Please filter the listing below and copy out the lines that hold "Legal".

-- Data for analysis --
>>
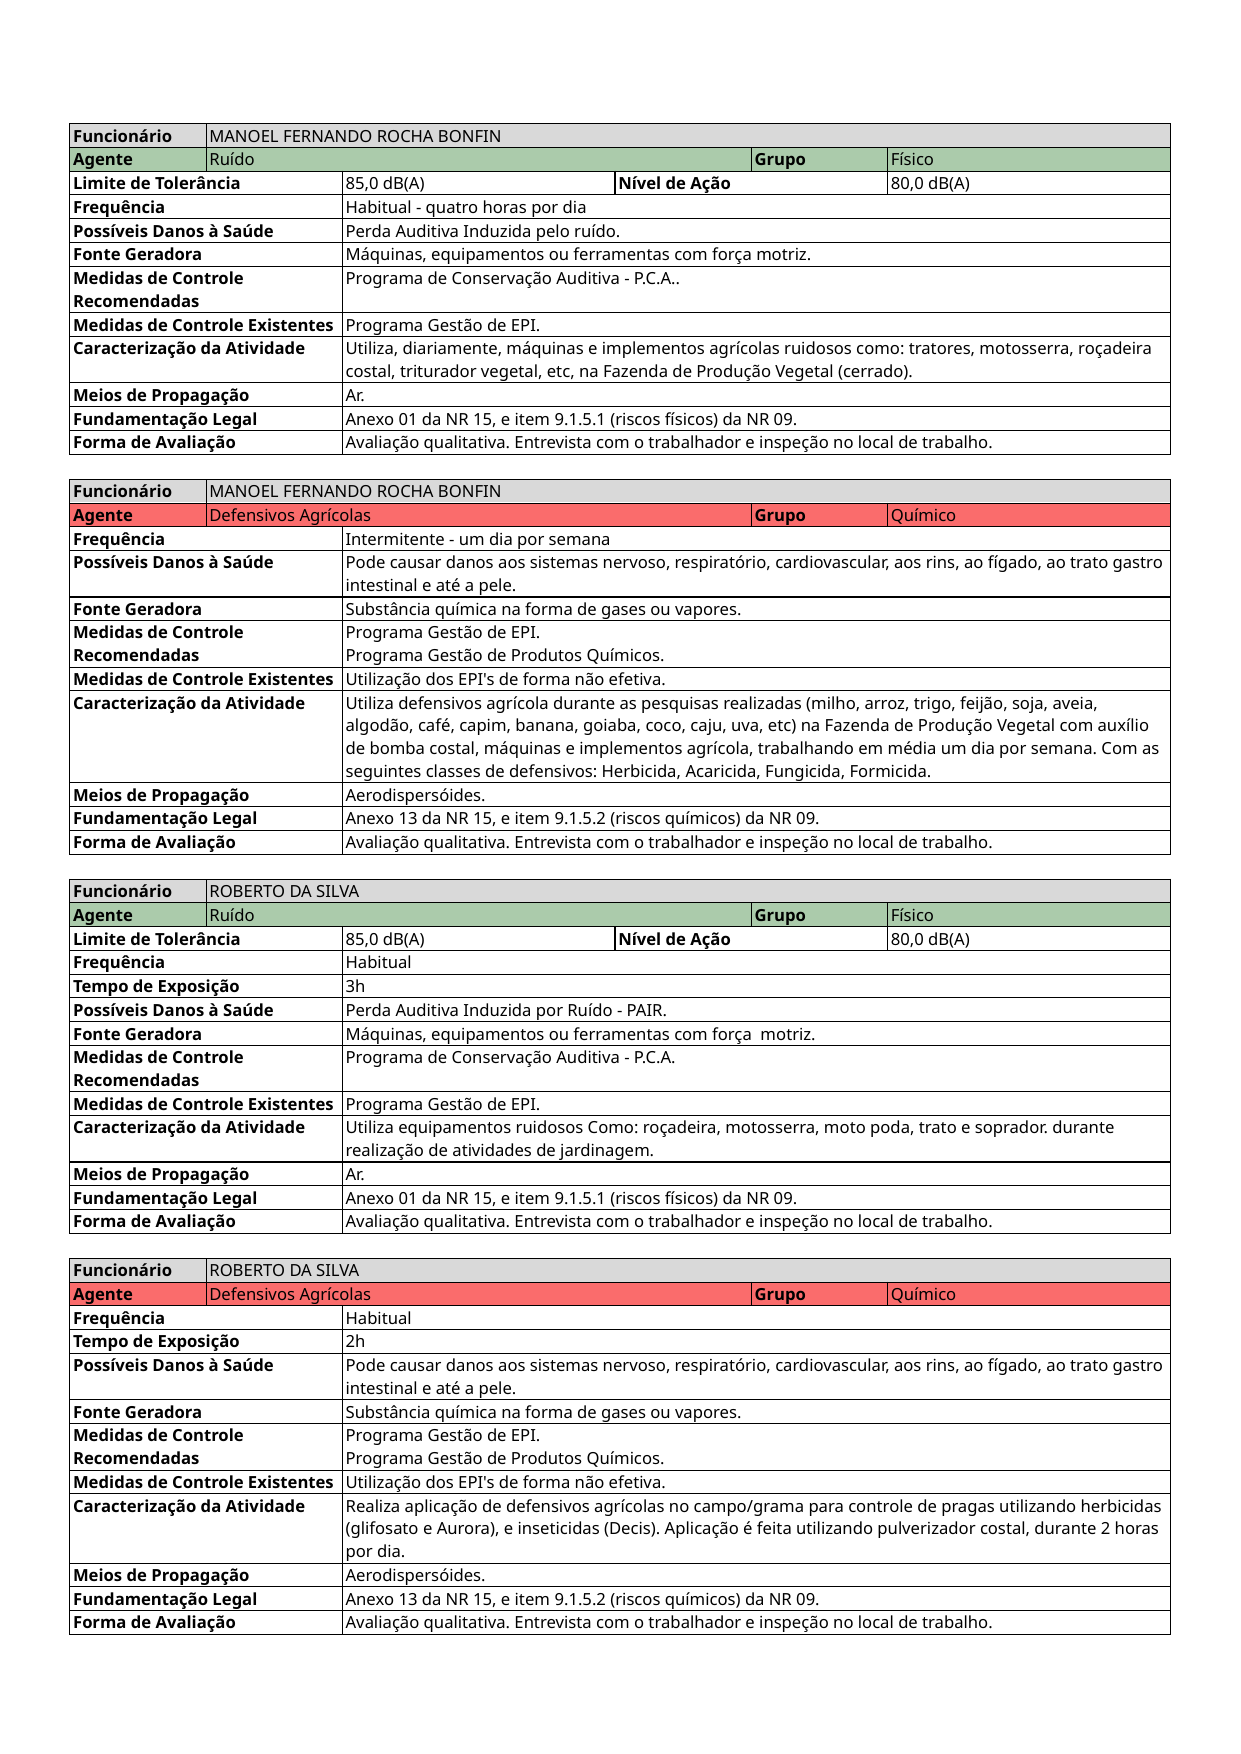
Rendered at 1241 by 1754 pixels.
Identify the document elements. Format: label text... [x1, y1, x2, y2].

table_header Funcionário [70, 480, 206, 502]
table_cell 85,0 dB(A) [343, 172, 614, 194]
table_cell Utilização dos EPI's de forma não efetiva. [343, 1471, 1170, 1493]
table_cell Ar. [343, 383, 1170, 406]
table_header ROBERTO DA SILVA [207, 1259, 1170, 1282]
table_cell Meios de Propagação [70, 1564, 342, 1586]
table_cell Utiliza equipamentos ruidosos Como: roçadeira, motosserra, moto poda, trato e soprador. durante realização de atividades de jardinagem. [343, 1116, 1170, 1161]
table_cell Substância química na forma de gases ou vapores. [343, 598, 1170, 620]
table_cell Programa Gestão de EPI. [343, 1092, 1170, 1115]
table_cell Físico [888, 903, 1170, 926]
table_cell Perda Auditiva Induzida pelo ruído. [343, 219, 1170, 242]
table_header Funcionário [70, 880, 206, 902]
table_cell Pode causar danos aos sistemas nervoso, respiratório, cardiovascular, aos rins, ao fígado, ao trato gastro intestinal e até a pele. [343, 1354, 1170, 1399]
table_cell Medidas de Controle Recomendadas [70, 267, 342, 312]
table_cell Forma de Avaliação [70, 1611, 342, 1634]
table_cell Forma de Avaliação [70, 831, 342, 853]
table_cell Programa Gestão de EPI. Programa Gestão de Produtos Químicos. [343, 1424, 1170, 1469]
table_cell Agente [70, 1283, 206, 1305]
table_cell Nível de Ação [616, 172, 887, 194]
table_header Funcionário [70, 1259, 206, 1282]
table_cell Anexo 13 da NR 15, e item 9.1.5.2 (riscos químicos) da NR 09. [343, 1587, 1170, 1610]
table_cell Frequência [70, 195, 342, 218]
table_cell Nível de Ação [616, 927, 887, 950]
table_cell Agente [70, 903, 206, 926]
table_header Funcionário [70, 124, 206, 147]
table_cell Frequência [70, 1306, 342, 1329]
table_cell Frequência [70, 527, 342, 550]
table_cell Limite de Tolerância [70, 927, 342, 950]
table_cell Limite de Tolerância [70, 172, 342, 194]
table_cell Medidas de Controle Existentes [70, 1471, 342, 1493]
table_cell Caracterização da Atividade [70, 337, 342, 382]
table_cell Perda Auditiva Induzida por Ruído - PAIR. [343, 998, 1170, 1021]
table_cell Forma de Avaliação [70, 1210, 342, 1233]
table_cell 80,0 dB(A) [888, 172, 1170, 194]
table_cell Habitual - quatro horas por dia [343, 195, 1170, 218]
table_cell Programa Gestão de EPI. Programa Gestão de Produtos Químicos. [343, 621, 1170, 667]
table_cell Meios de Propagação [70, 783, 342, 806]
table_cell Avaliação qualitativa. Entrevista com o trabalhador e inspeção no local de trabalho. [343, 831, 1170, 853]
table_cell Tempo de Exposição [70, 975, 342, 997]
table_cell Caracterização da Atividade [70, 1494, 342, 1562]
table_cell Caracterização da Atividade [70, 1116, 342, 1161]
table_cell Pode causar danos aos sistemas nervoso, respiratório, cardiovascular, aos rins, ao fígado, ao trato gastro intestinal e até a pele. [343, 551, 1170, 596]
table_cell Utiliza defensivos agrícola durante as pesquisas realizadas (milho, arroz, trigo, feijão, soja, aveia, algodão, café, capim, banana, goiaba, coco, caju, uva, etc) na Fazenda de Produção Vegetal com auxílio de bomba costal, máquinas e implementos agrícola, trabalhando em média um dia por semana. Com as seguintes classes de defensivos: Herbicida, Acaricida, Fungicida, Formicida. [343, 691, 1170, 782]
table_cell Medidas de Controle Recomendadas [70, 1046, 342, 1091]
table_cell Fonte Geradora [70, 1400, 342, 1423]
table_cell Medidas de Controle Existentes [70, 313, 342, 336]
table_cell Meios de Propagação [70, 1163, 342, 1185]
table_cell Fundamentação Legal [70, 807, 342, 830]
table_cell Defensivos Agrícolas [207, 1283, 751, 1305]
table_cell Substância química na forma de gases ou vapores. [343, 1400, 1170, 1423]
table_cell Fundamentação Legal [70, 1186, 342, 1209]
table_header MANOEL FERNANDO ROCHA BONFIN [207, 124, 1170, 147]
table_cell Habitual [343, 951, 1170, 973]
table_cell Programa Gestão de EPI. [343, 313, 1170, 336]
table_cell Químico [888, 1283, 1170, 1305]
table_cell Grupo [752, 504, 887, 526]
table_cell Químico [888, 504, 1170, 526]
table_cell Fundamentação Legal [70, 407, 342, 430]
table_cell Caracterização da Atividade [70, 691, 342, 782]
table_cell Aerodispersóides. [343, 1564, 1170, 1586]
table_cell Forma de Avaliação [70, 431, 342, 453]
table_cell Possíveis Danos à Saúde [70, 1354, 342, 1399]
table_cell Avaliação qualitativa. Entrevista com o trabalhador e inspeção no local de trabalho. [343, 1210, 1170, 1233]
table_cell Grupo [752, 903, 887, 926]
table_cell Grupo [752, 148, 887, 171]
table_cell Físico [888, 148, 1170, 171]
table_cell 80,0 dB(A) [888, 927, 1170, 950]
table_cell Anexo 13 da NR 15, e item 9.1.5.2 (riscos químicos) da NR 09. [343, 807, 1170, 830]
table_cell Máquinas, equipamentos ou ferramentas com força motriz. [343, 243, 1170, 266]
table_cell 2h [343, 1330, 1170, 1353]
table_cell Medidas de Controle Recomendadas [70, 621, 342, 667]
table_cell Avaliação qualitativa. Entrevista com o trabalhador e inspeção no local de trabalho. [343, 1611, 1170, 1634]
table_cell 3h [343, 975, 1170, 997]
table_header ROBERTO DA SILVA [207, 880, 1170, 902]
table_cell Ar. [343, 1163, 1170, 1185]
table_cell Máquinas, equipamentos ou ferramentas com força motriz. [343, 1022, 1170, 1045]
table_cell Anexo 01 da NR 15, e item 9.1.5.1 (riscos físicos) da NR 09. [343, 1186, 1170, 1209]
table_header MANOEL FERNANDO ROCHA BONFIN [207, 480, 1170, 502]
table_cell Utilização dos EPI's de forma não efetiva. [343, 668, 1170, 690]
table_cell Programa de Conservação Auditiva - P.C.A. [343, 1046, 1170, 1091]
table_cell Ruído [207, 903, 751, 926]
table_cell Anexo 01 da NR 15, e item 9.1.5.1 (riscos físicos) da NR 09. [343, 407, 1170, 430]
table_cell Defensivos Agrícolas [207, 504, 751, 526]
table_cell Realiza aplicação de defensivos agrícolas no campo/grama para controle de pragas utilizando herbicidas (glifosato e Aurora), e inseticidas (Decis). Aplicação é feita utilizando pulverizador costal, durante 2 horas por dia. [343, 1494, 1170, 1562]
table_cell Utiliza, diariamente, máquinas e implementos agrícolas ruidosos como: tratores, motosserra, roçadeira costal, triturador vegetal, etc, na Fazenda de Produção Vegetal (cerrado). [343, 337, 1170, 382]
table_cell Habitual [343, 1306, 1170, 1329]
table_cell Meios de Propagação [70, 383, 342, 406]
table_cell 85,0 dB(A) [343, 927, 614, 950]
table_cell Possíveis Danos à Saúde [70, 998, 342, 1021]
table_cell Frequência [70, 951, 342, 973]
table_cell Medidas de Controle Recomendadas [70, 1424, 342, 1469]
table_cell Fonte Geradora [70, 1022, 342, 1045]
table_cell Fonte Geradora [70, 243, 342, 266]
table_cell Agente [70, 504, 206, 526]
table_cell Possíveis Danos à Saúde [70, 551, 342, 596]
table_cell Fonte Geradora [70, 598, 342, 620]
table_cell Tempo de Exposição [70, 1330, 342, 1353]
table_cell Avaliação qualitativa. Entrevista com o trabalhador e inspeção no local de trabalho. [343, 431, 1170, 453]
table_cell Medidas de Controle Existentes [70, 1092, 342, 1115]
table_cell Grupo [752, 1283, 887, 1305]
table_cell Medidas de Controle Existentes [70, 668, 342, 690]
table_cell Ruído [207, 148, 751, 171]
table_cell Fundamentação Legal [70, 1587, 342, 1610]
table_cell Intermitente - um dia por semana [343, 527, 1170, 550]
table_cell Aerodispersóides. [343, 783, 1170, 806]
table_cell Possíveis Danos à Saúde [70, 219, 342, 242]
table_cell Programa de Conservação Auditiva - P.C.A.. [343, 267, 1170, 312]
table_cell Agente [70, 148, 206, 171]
<<
-- Solution to this task --
table_cell Fundamentação Legal [70, 807, 342, 830]
table_cell Fundamentação Legal [70, 1186, 342, 1209]
table_cell Fundamentação Legal [70, 407, 342, 430]
table_cell Fundamentação Legal [70, 1587, 342, 1610]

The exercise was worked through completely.